## [Task prompt]
Copy out all the entries exactly.

## [Recorded information]
----

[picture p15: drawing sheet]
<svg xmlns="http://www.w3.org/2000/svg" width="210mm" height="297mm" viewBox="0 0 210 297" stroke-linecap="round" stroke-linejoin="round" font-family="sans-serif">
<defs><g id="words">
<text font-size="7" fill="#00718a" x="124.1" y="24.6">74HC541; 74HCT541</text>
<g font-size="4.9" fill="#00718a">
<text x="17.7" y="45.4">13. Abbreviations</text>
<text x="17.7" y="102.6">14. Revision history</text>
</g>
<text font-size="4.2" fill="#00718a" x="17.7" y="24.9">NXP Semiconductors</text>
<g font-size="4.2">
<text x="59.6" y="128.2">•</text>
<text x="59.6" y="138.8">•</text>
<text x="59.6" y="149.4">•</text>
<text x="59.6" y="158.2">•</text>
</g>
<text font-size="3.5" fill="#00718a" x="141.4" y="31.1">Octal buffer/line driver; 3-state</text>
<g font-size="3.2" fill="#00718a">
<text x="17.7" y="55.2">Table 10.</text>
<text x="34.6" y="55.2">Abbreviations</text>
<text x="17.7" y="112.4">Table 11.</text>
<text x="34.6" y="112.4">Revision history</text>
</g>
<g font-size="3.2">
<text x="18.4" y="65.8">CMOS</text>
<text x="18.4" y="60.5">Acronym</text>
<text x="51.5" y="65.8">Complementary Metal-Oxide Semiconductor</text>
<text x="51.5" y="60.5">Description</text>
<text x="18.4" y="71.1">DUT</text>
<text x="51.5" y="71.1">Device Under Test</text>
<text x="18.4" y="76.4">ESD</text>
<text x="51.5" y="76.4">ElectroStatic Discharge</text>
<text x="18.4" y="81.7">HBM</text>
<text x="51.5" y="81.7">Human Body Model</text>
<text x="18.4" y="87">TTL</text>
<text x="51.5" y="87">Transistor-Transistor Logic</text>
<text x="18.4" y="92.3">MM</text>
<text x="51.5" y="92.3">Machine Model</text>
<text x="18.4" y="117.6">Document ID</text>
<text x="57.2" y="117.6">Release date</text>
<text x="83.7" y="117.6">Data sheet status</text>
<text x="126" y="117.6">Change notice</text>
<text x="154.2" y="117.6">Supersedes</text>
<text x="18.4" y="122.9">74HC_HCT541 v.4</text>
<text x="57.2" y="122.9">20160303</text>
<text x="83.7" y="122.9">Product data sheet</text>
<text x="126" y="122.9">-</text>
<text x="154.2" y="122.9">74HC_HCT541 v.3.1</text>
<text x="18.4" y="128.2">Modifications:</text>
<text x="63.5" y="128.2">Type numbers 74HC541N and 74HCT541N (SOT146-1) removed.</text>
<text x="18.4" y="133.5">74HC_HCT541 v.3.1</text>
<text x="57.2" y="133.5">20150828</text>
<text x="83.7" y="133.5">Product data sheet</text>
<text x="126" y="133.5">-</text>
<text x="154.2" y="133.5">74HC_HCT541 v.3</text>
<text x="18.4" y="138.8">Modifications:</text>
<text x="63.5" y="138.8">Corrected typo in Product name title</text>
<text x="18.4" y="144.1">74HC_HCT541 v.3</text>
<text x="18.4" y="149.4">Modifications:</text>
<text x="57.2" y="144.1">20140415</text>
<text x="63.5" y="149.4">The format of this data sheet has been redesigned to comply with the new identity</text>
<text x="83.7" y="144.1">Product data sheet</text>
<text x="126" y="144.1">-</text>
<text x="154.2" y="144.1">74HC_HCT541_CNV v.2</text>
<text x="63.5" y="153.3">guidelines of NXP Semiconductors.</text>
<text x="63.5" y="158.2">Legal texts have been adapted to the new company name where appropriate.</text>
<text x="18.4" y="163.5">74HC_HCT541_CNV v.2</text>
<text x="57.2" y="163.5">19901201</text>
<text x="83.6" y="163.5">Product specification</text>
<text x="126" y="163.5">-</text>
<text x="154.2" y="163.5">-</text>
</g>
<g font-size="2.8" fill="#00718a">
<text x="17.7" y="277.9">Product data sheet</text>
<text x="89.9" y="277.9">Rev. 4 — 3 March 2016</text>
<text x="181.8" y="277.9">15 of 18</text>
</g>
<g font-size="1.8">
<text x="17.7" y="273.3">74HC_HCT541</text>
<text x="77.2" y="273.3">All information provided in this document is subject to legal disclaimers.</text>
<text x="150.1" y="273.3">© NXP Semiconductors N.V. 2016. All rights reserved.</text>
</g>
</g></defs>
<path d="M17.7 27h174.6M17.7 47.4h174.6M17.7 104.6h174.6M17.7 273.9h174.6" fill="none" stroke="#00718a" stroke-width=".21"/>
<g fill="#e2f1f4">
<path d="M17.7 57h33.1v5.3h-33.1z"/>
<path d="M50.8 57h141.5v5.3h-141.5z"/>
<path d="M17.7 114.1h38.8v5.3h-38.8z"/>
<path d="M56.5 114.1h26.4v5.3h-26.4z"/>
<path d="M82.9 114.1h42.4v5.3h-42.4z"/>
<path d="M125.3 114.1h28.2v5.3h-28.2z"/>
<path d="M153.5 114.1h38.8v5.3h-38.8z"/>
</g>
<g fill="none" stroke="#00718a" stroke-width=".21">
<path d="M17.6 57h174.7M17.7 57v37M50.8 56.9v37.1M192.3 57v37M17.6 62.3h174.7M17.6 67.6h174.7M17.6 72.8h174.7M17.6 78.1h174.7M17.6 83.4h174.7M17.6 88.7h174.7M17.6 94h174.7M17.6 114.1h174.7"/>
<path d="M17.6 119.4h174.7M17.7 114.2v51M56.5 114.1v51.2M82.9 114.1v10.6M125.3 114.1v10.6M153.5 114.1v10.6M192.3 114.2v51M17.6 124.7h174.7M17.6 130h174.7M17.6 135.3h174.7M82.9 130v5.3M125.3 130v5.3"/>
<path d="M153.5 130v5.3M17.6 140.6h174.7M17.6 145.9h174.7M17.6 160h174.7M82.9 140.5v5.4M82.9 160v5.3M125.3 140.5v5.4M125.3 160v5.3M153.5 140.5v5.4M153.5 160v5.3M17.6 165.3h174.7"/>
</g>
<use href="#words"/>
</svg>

----

## [Exercise result]
[picture p15: drawing sheet]
<svg xmlns="http://www.w3.org/2000/svg" width="210mm" height="297mm" viewBox="0 0 210 297" stroke-linecap="round" stroke-linejoin="round" font-family="sans-serif">
<defs><g id="words">
<text font-size="7" fill="#00718a" x="124.1" y="24.6">74HC541; 74HCT541</text>
<g font-size="4.9" fill="#00718a">
<text x="17.7" y="45.4">13. Abbreviations</text>
<text x="17.7" y="102.6">14. Revision history</text>
</g>
<text font-size="4.2" fill="#00718a" x="17.7" y="24.9">NXP Semiconductors</text>
<g font-size="4.2">
<text x="59.6" y="128.2">•</text>
<text x="59.6" y="138.8">•</text>
<text x="59.6" y="149.4">•</text>
<text x="59.6" y="158.2">•</text>
</g>
<text font-size="3.5" fill="#00718a" x="141.4" y="31.1">Octal buffer/line driver; 3-state</text>
<g font-size="3.2" fill="#00718a">
<text x="17.7" y="55.2">Table 10.</text>
<text x="34.6" y="55.2">Abbreviations</text>
<text x="17.7" y="112.4">Table 11.</text>
<text x="34.6" y="112.4">Revision history</text>
</g>
<g font-size="3.2">
<text x="18.4" y="65.8">CMOS</text>
<text x="18.4" y="60.5">Acronym</text>
<text x="51.5" y="65.8">Complementary Metal-Oxide Semiconductor</text>
<text x="51.5" y="60.5">Description</text>
<text x="18.4" y="71.1">DUT</text>
<text x="51.5" y="71.1">Device Under Test</text>
<text x="18.4" y="76.4">ESD</text>
<text x="51.5" y="76.4">ElectroStatic Discharge</text>
<text x="18.4" y="81.7">HBM</text>
<text x="51.5" y="81.7">Human Body Model</text>
<text x="18.4" y="87">TTL</text>
<text x="51.5" y="87">Transistor-Transistor Logic</text>
<text x="18.4" y="92.3">MM</text>
<text x="51.5" y="92.3">Machine Model</text>
<text x="18.4" y="117.6">Document ID</text>
<text x="57.2" y="117.6">Release date</text>
<text x="83.7" y="117.6">Data sheet status</text>
<text x="126" y="117.6">Change notice</text>
<text x="154.2" y="117.6">Supersedes</text>
<text x="18.4" y="122.9">74HC_HCT541 v.4</text>
<text x="57.2" y="122.9">20160303</text>
<text x="83.7" y="122.9">Product data sheet</text>
<text x="126" y="122.9">-</text>
<text x="154.2" y="122.9">74HC_HCT541 v.3.1</text>
<text x="18.4" y="128.2">Modifications:</text>
<text x="63.5" y="128.2">Type numbers 74HC541N and 74HCT541N (SOT146-1) removed.</text>
<text x="18.4" y="133.5">74HC_HCT541 v.3.1</text>
<text x="57.2" y="133.5">20150828</text>
<text x="83.7" y="133.5">Product data sheet</text>
<text x="126" y="133.5">-</text>
<text x="154.2" y="133.5">74HC_HCT541 v.3</text>
<text x="18.4" y="138.8">Modifications:</text>
<text x="63.5" y="138.8">Corrected typo in Product name title</text>
<text x="18.4" y="144.1">74HC_HCT541 v.3</text>
<text x="18.4" y="149.4">Modifications:</text>
<text x="57.2" y="144.1">20140415</text>
<text x="63.5" y="149.4">The format of this data sheet has been redesigned to comply with the new identity</text>
<text x="83.7" y="144.1">Product data sheet</text>
<text x="126" y="144.1">-</text>
<text x="154.2" y="144.1">74HC_HCT541_CNV v.2</text>
<text x="63.5" y="153.3">guidelines of NXP Semiconductors.</text>
<text x="63.5" y="158.2">Legal texts have been adapted to the new company name where appropriate.</text>
<text x="18.4" y="163.5">74HC_HCT541_CNV v.2</text>
<text x="57.2" y="163.5">19901201</text>
<text x="83.6" y="163.5">Product specification</text>
<text x="126" y="163.5">-</text>
<text x="154.2" y="163.5">-</text>
</g>
<g font-size="2.8" fill="#00718a">
<text x="17.7" y="277.9">Product data sheet</text>
<text x="89.9" y="277.9">Rev. 4 — 3 March 2016</text>
<text x="181.8" y="277.9">15 of 18</text>
</g>
<g font-size="1.8">
<text x="17.7" y="273.3">74HC_HCT541</text>
<text x="77.2" y="273.3">All information provided in this document is subject to legal disclaimers.</text>
<text x="150.1" y="273.3">© NXP Semiconductors N.V. 2016. All rights reserved.</text>
</g>
</g></defs>
<path d="M17.7 27h174.6M17.7 47.4h174.6M17.7 104.6h174.6M17.7 273.9h174.6" fill="none" stroke="#00718a" stroke-width=".21"/>
<g fill="#e2f1f4">
<path d="M17.7 57h33.1v5.3h-33.1z"/>
<path d="M50.8 57h141.5v5.3h-141.5z"/>
<path d="M17.7 114.1h38.8v5.3h-38.8z"/>
<path d="M56.5 114.1h26.4v5.3h-26.4z"/>
<path d="M82.9 114.1h42.4v5.3h-42.4z"/>
<path d="M125.3 114.1h28.2v5.3h-28.2z"/>
<path d="M153.5 114.1h38.8v5.3h-38.8z"/>
</g>
<g fill="none" stroke="#00718a" stroke-width=".21">
<path d="M17.6 57h174.7M17.7 57v37M50.8 56.9v37.1M192.3 57v37M17.6 62.3h174.7M17.6 67.6h174.7M17.6 72.8h174.7M17.6 78.1h174.7M17.6 83.4h174.7M17.6 88.7h174.7M17.6 94h174.7M17.6 114.1h174.7"/>
<path d="M17.6 119.4h174.7M17.7 114.2v51M56.5 114.1v51.2M82.9 114.1v10.6M125.3 114.1v10.6M153.5 114.1v10.6M192.3 114.2v51M17.6 124.7h174.7M17.6 130h174.7M17.6 135.3h174.7M82.9 130v5.3M125.3 130v5.3"/>
<path d="M153.5 130v5.3M17.6 140.6h174.7M17.6 145.9h174.7M17.6 160h174.7M82.9 140.5v5.4M82.9 160v5.3M125.3 140.5v5.4M125.3 160v5.3M153.5 140.5v5.4M153.5 160v5.3M17.6 165.3h174.7"/>
</g>
<use href="#words"/>
</svg>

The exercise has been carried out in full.